There was also second hand testimony that Fulton County Commissioner Emma Darnell supposedly said she had "too many white boys" in the Human Services Department and that she insisted a black women get the job again.

"The jury was convinced by the evidence that Emma Darnell had acted as sort of an invisible hand, guiding this process," said Carl's attorney, Andrew Coffman.

The jury awarded Carl $300,000 in lost wages and his attorneys say they will ask for twice that much more in lost future wages and legal fees.

Despite their loss, Fulton County still denies discrimination.

In an email to us, Commissioner Emma Darnell said she will talk when the case is finally over.

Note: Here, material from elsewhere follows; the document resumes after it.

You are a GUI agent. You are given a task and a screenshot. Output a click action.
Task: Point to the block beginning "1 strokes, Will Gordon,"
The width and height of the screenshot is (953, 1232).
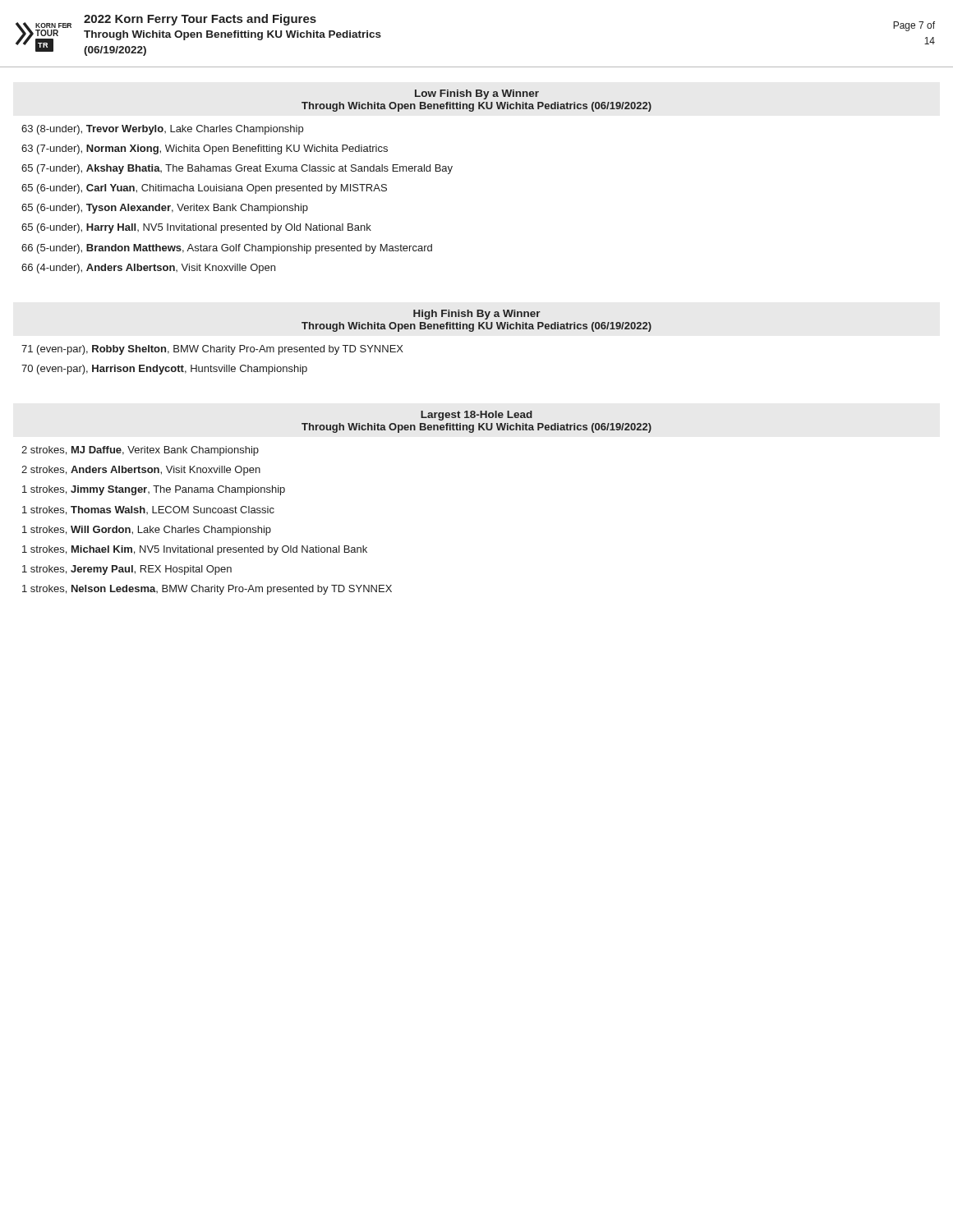click(x=146, y=529)
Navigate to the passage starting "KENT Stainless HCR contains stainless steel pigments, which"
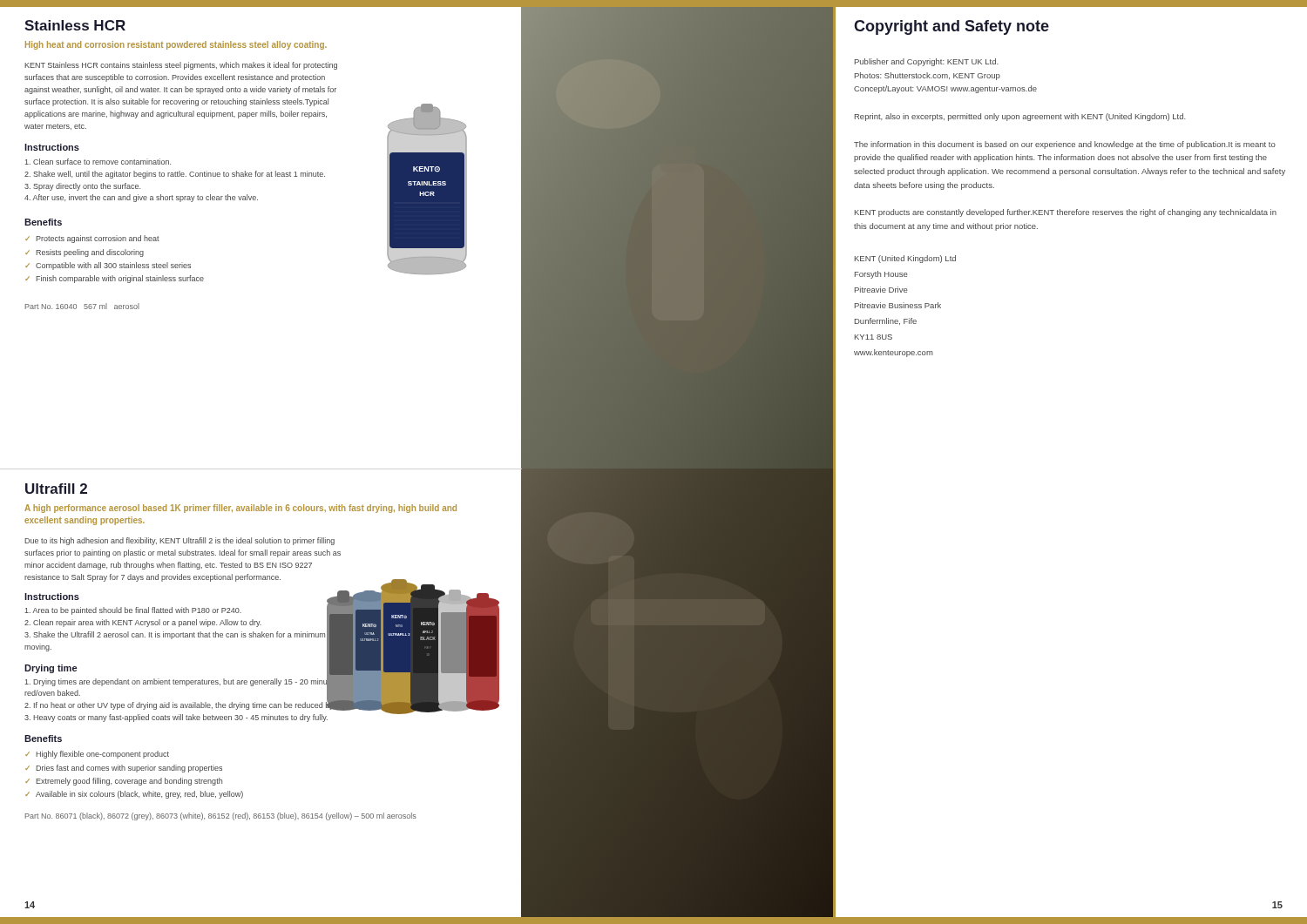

Meanwhile, she referred all comments to the county attorney's office.

Fulton County Attorney David Ware sent 11 Alive an email claiming, "the undisputed facts in the record established that Mr. Carl was not denied the promotion due to his race or gender, but instead due to the fact that the candidate who was hired was superior in qualifications and Mr. Carl completely blew the interview."

Ware wrote, "the statements attributed to Commissioner Darnell were admitted despite their being untrue and based on rank hearsay."

He claimed the verdict against the county was, "due to the admission of hearsay evidence and Plaintiff's direct appeal to racial prejudice."

Ware added that, "it is our expectation that the 11th Circuit Court of Appeals will set aside the verdict."

This isn't the first time Commissioner Darnell has been involved in a losing discrimination ruling against the county.

In 2004 it lost an appeal all the way to the U.S. Supreme Court of another court verdict awarding $18-million to eight librarians who claimed they were demoted because of their race.

Their attorney produced recordings of library board meetings in which members could be heard saying "there were too many whites" in management and it was "not welcoming to black folks to see so many white faces."

The librarians had accused Fulton Commissioner Emma Darnell, twelve members of the library board and the library director of removing them from management positions strictly because they were white.